BASELINE_GROUP_WMAPE = 0.8775865632406377

def rwmape(y_true: np.ndarray, y_pred: np.ndarray, gamma: float = 0.8, lam: float = 0.2, eps: float = 1e-9) -> float:
    """Regularized WMAPE (lower is better)."""
    y_true = y_true.astype(float)
    y_pred = y_pred.astype(float)
    num = np.sum(np.abs(y_true - y_pred)) + lam * np.abs(np.sum(y_true) - np.sum(y_pred))
    den = np.sum(np.abs(y_true)) + gamma * np.sum(np.abs(y_pred)) + eps
    return float(num / den)

def group_wmape(df: pd.DataFrame, group_cols, target_col: str, pred_col: str,
                gamma: float = 0.8, lam: float = 0.2, eps: float = 1e-9) -> float:
    """Mean rWMAPE across groups; skip (sum_y==0 & sum_yhat==0), penalize (sum_y==0 & sum_yhat>0) as 1.0."""
    scores = []
    y = pd.to_numeric(df[target_col], errors="coerce").fillna(0.0).astype(float)
    p = pd.to_numeric(df[pred_col], errors="coerce").fillna(0.0).astype(float)
    work = df.copy()
    work[target_col] = y.values
    work[pred_col] = p.values

    for _, g in work.groupby(list(group_cols), sort=False, dropna=False):
        y_g = g[target_col].to_numpy(dtype=float)
        p_g = g[pred_col].to_numpy(dtype=float)
        sum_true = float(np.sum(np.abs(y_g)))
        sum_pred = float(np.sum(np.abs(p_g)))
        if sum_true == 0.0 and sum_pred == 0.0:
            continue
        if sum_true == 0.0 and sum_pred > 0.0:
            scores.append(1.0)
        else:
            scores.append(rwmape(y_g, p_g, gamma=gamma, lam=lam, eps=eps))
    return float(np.mean(scores)) if scores else 0.0

def score(solution: pd.DataFrame,
          submission: pd.DataFrame,
          target_col: str = "quantity",
          group_cols = ("unique_code",),
          row_id_col: str | None = None,
          baseline_group_wmape: float = BASELINE_GROUP_WMAPE,
          gamma: float = 0.8, lam: float = 0.2, eps: float = 1e-9) -> float:
    """Higher-is-better leaderboard score = baseline / (Group-rWMAPE + eps)."""
    if row_id_col:
        merged = pd.merge(
            solution,
            submission[[row_id_col, target_col]].rename(columns={target_col: f"{target_col}_pred"}),
            on=row_id_col, how="inner", validate="one_to_one"
        )
    else:
        if len(solution) != len(submission):
            raise ValueError("Without row_id_col, solution and submission must have same length.")
        merged = solution.copy()
        merged[f"{target_col}_pred"] = submission[target_col].values

    gw = group_wmape(merged, group_cols=group_cols, target_col=target_col,
                     pred_col=f"{target_col}_pred", gamma=gamma, lam=lam, eps=eps)
    return float(baseline_group_wmape / (gw + eps))


In [None]:
train = pd.read_csv('/kaggle/input/haier-europe-2025-datathon/train.csv')
product_master = pd.read_csv('/kaggle/input/haier-europe-2025-datathon/product_master.csv')
sample_submission = pd.read_csv('/kaggle/input/haier-europe-2025-datathon/submission.csv')

In [None]:
train.quantity.min()

In [None]:
train["date"] = pd.to_datetime(train["date"])
# train['quantity'] = train['quantity'].clip(lower=0)

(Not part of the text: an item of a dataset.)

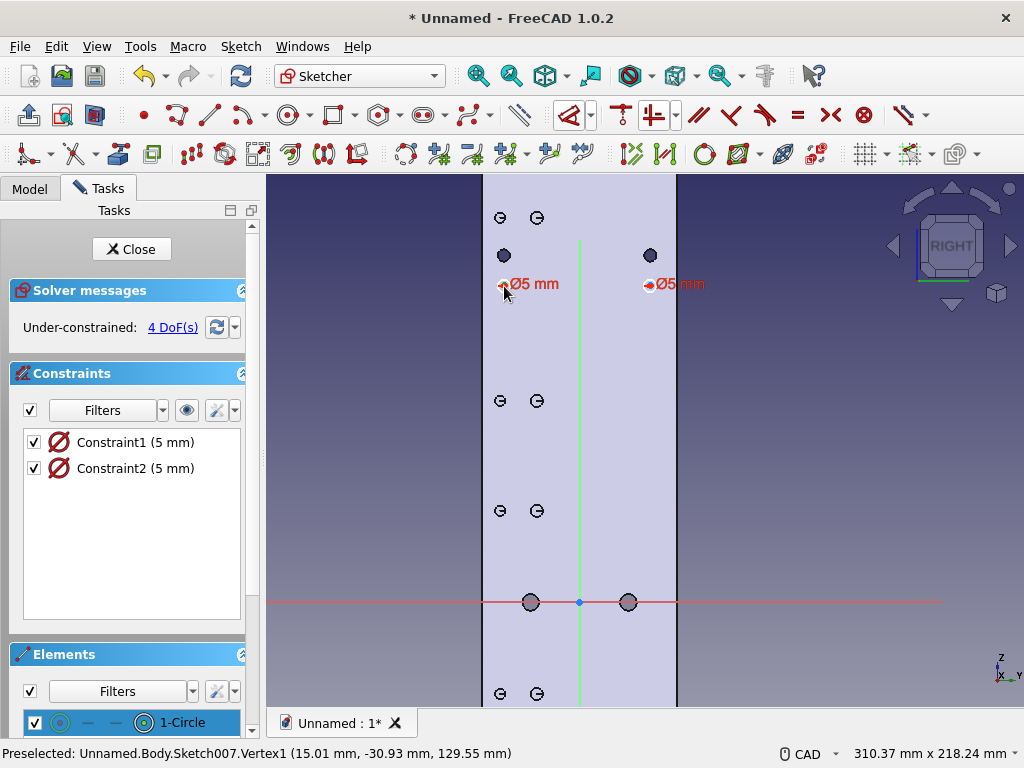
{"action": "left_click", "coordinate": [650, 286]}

product_master["start_production_date"] = pd.to_datetime(product_master["start_production_date"], errors="coerce")
product_master["end_production_date"]   = pd.to_datetime(product_master["end_production_date"], errors="coerce")
sample_submission["date"] = pd.to_datetime(sample_submission["date"])

train['unique_code'] = train['market'] + "-" + train['product_code']
train = train.merge(product_master, on='product_code', how='left')

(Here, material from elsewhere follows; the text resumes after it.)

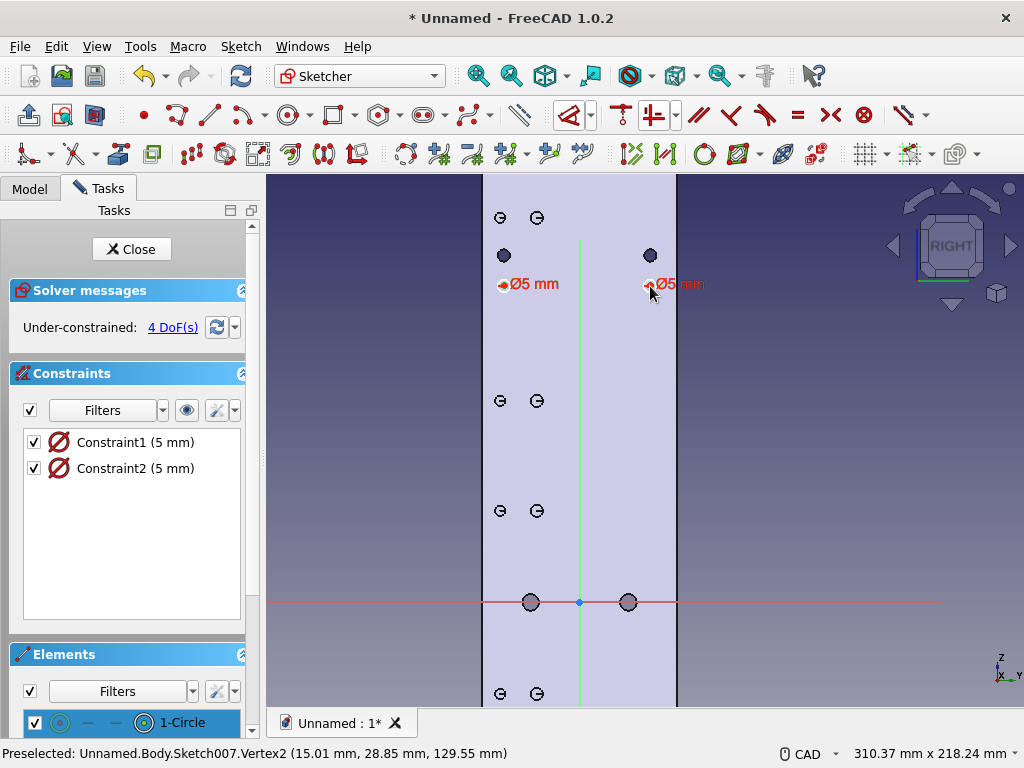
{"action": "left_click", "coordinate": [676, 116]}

print(train.quantity.min())
print(train.head())

In [None]:
train.info()

In [None]:
train.category.value_counts()

In [None]:
aa = train[train.unique_code == "MKT_028-PRD_6151"]
aa

In [None]:
aa = train[train.unique_code == "MKT_025-PRD_11517"][['date', 'quantity']]
aa

In [None]:
aa = train[train.unique_code == "MKT_001-PRD_0075"][['date', 'quantity']]
aa

In [None]:
uc_single = (
    train.groupby("unique_code")["quantity"]
         .nunique()
         .reset_index()
         .rename(columns={"quantity": "nunique_qty"})
)

uc_single = uc_single[uc_single["nunique_qty"] == 1]["unique_code"]

aa = train[train["unique_code"].isin(uc_single)][["unique_code", "date", "quantity"]]
counts = (
    aa.groupby("unique_code")["date"]
      .size()
      .reset_index(name="n_rows")
)

uc_more_than_one = counts[counts["n_rows"] > 7]["unique_code"]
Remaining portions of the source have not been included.